Ecosyste.ms: Awesome

An open API service indexing awesome lists of open source software.

Awesome Lists | Featured Topics | Projects

https://github.com/oleander/wire

Run a strict amount of threads during a time interval, primarily used for web scraping.
https://github.com/oleander/wire

Last synced: about 2 months ago
JSON representation

Run a strict amount of threads during a time interval, primarily used for web scraping.

Awesome Lists containing this project

README

        

# Wire

Run a strict amount of threads during a time interval, primarily used for [web scraping](http://en.wikipedia.org/wiki/Web_scraping).

## How to use

### Example 1 - Basic

Start 100 threads, only run 10 at the same time, with a 3 second delay between each new thread, except the first 10.

100.times do
Wire.new(max: 10, wait: 3) do
# Do stuff
end
end

### Example 2 - Timer

11.times do
Wire.new(max: 10, wait: 1) do
sleep 0.1
end
end

Time to run: ~ *1.2 seconds*.

This is how it works.

- 11 threads is created, done at time 0.
- Running 10 threads, done at time 0.1
- Wait 1 second, done at time 1.1
- Start the 11th thread, done at time 1.2

### Example 3 - Pass arguments

Wire.new(max: 10, wait: 1, vars: ["A", "B"]) do |first, last|
puts first # => "A"
puts last # => "B"
end

100.times do |n|
Wire.new(max: 10, wait: 1, vars: [n]) do |counter|
puts counter
end
end

# => 1 2 3 4 5 ...

### Example 4 - Scraping

This project was originally build to solve the request limit problem when using [Spotify´s Meta API](http://developer.spotify.com/en/metadata-api/overview/).

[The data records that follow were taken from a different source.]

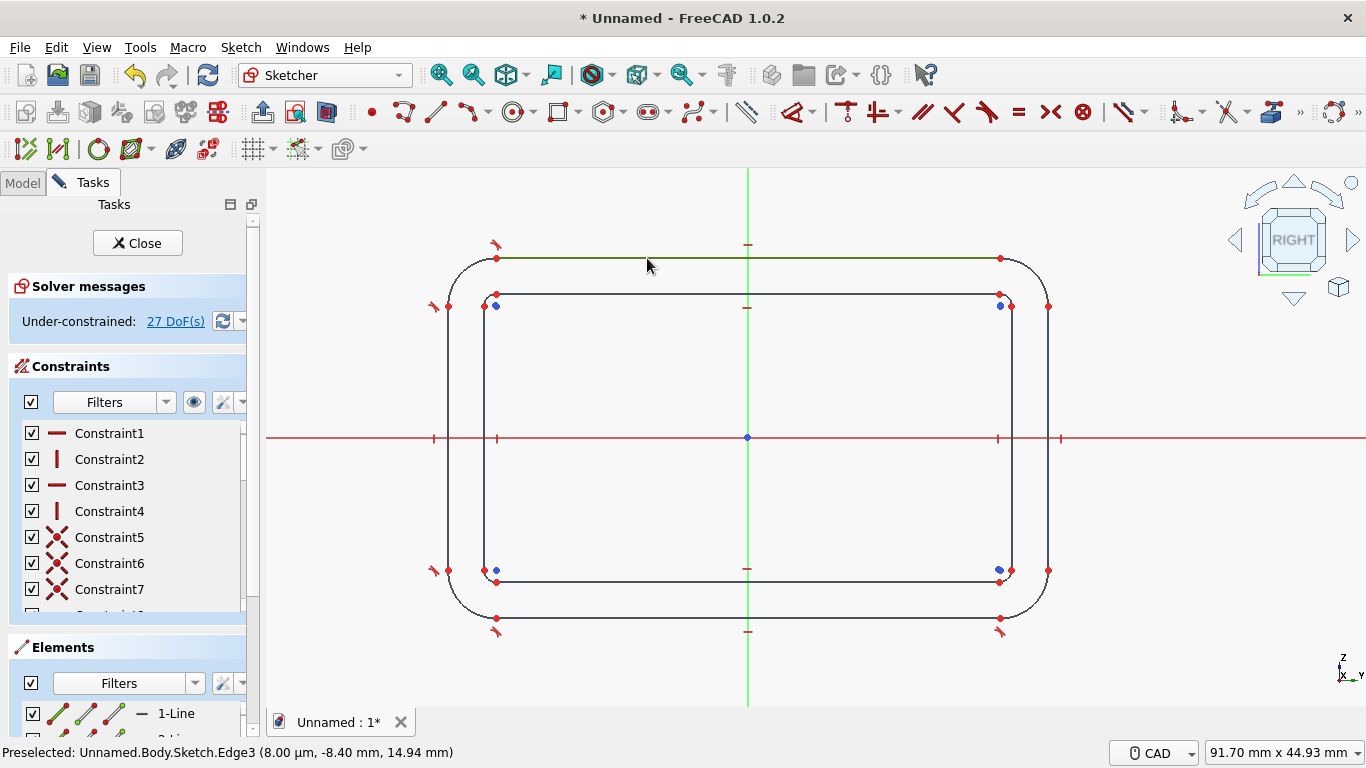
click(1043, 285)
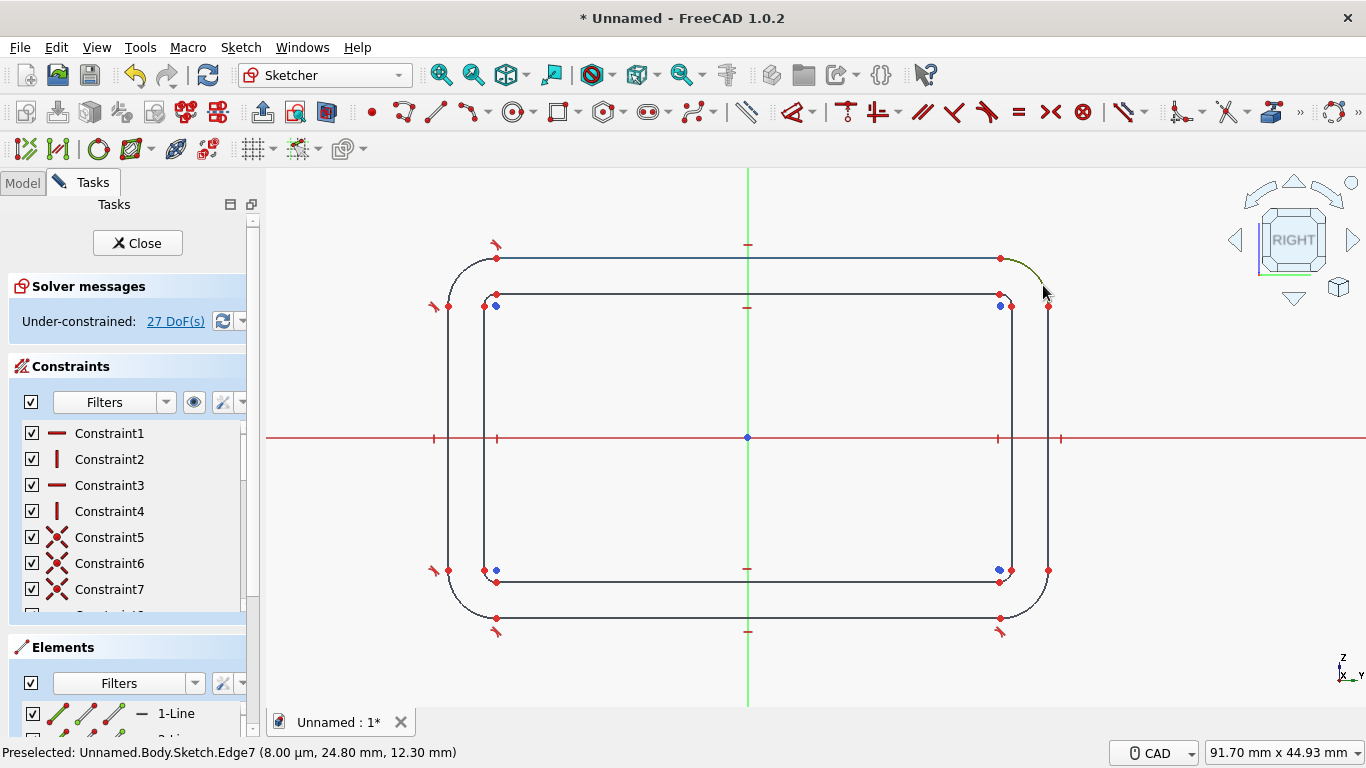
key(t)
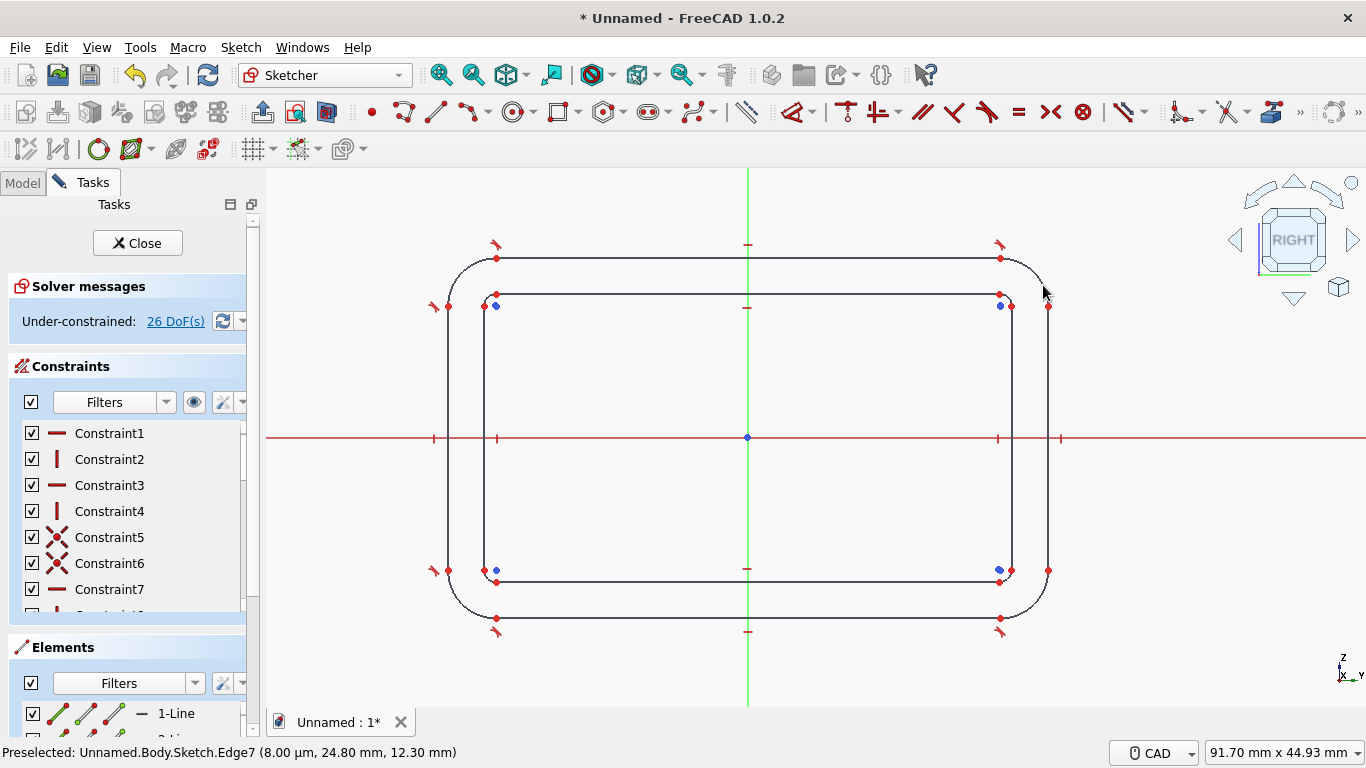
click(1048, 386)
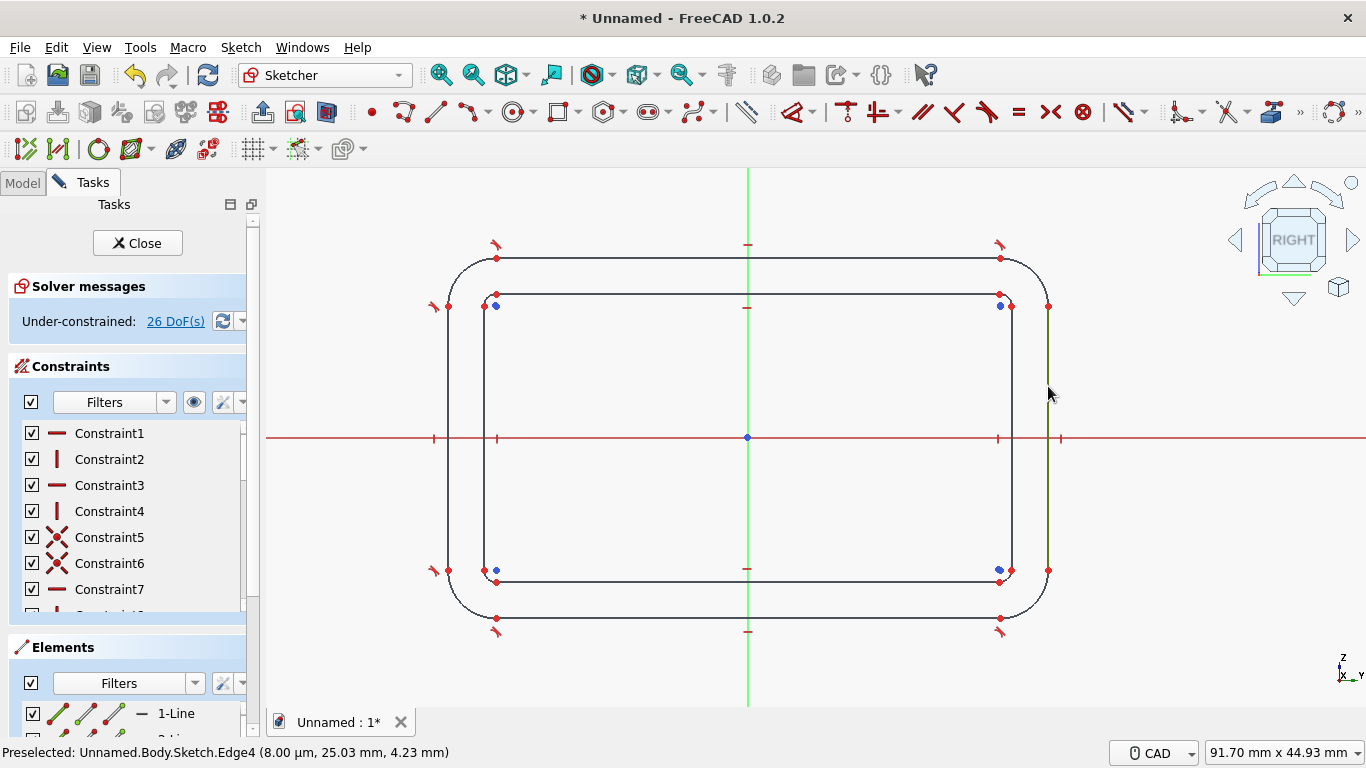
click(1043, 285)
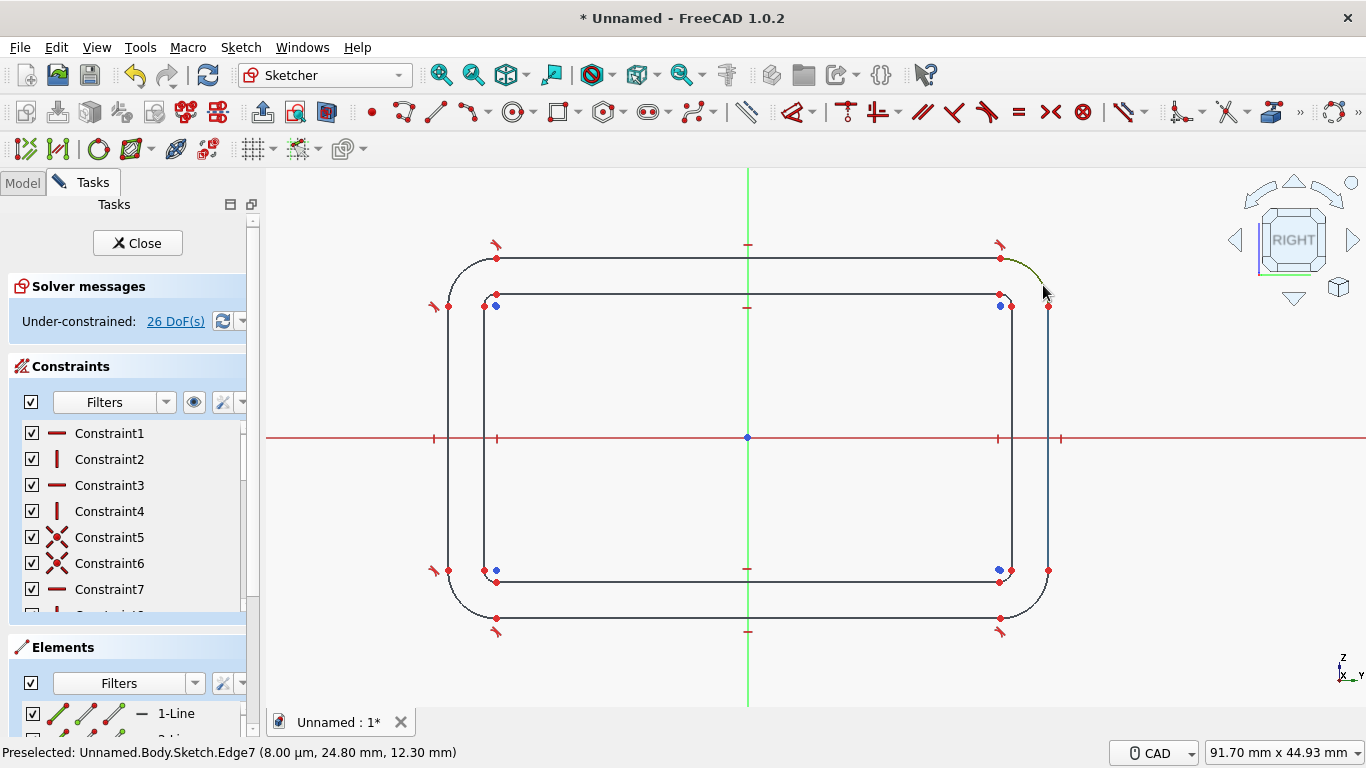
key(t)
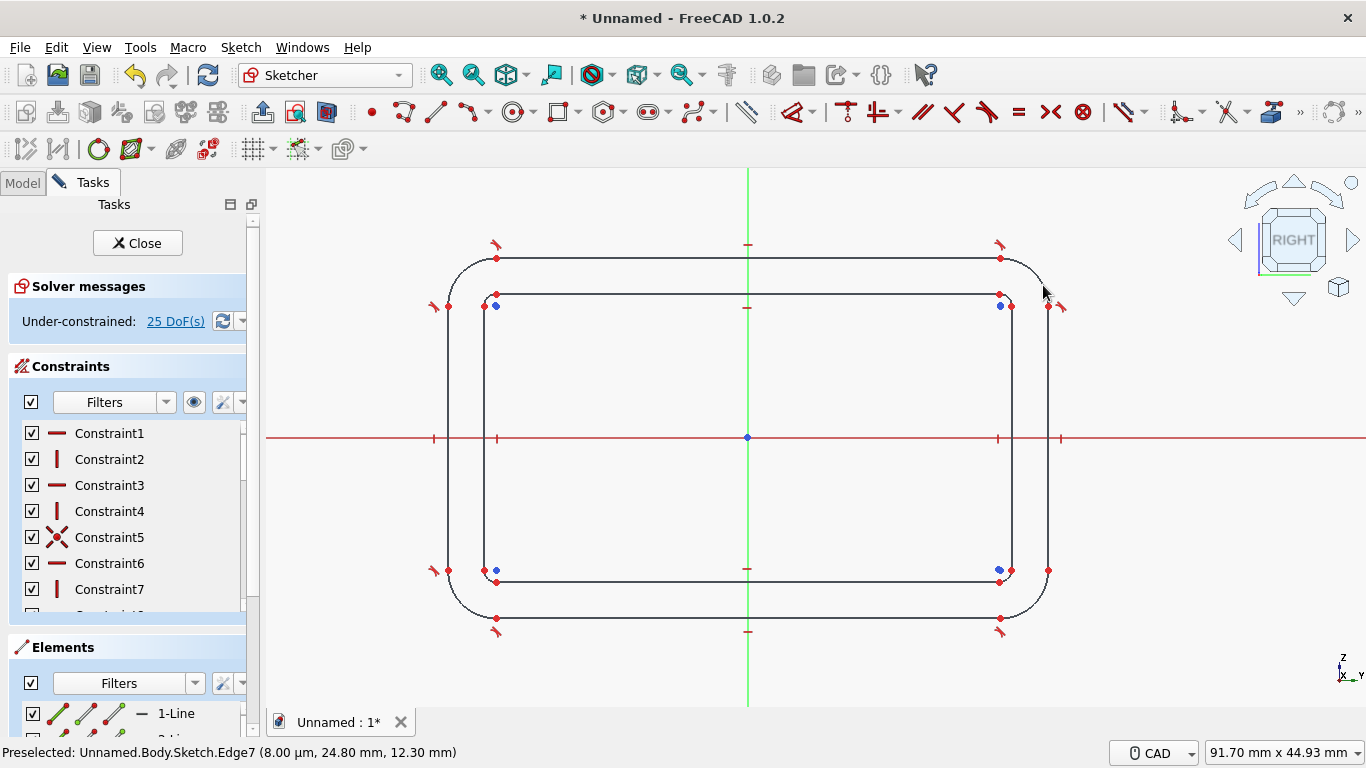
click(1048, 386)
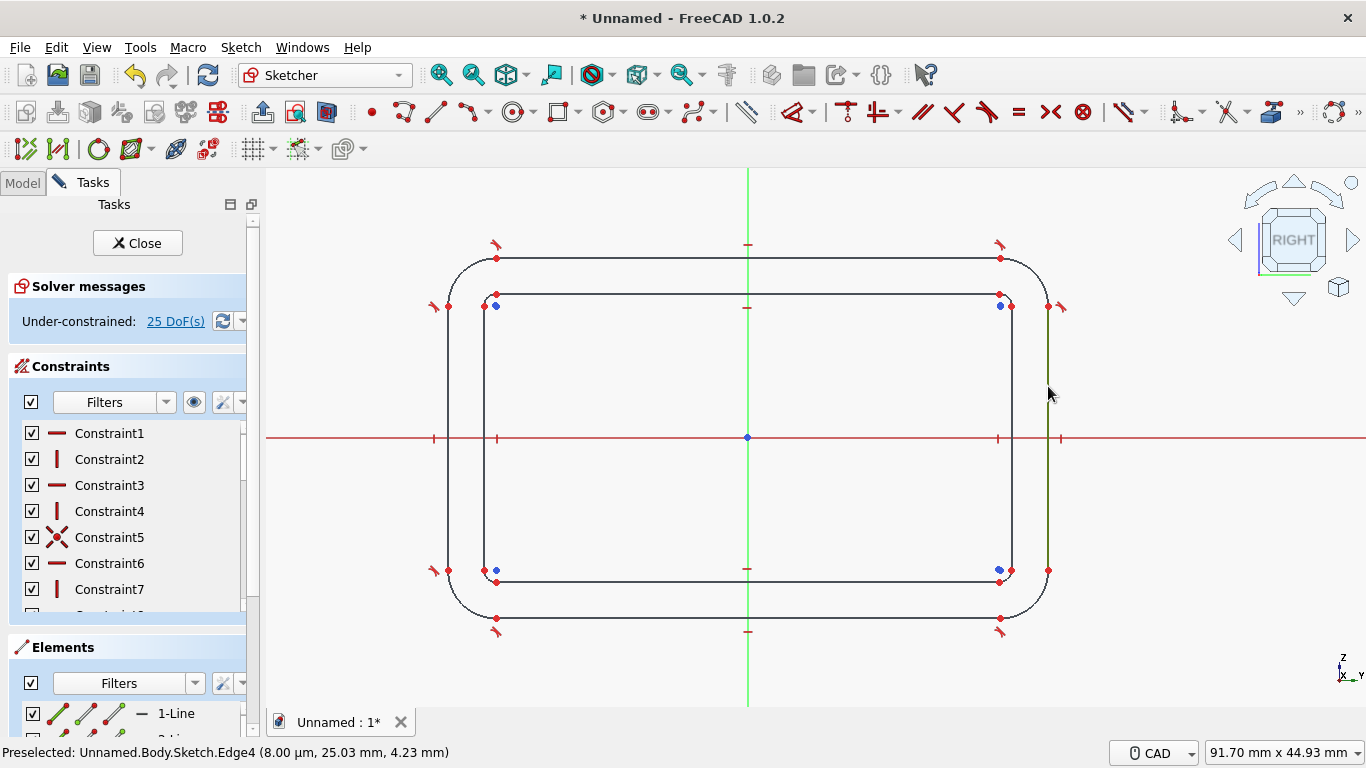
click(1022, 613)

> In order to make the Metadata API snappy and open for everyone to use, rate limiting rules apply. If you make too many requests too fast, you’ll start getting 403 Forbidden responses. When rate limiting has kicked in, you’ll have to wait 10 seconds before making more requests. The rate limit is currently 10 request per second per ip. This may change.

We wanted to make as many request as possible without being banned due to the rate limit.

require "rest-client"
require "wire"
require "uri"

a_very_large_list_of_songs = ["Sweet Home Alabama", ...]

a_very_large_list_of_songs.each do |s|
Wire.new(max: 10, wait: 1, vars: [s]) do |song|
data = RestClient.get "http://ws.spotify.com/search/1/track.json?q=#{URI.encode(song)}"
# Do something with the data
end
end

### Tip

Don't forget to join your threads using `Thread#join`.

list = []
10.times do |n|
list << Thread.new do
# Do stuff
end
end
list.map(&:join)

Read more about [#join](http://corelib.rubyonrails.org/classes/Thread.html#M001145) here.

## Arguments to pass

Ingoing arguments to `new`.

- **max** (Integer) The maximum amount of threads to run a the same time. The value 10 will be used if `max` is nil or zero.
- **wait** (Integer) The time to wait before starting a new thread.
- **vars** (Array) A list of arguments to the block.
- **silent** (Boolean) The given block will not raise error if set to true. Default is false.
- **timeout** (Integer) The maximum time to run *one* thread, default is *no limit*.
- **retries** (Integer) How many times should we retry? Default is 0.
- **delay** (Float) Time between each retry. Default is 0.

## How do install

[sudo] gem install wire

## Requirements

Wire is tested on OS X 10.6.7 using Ruby 1.9.2.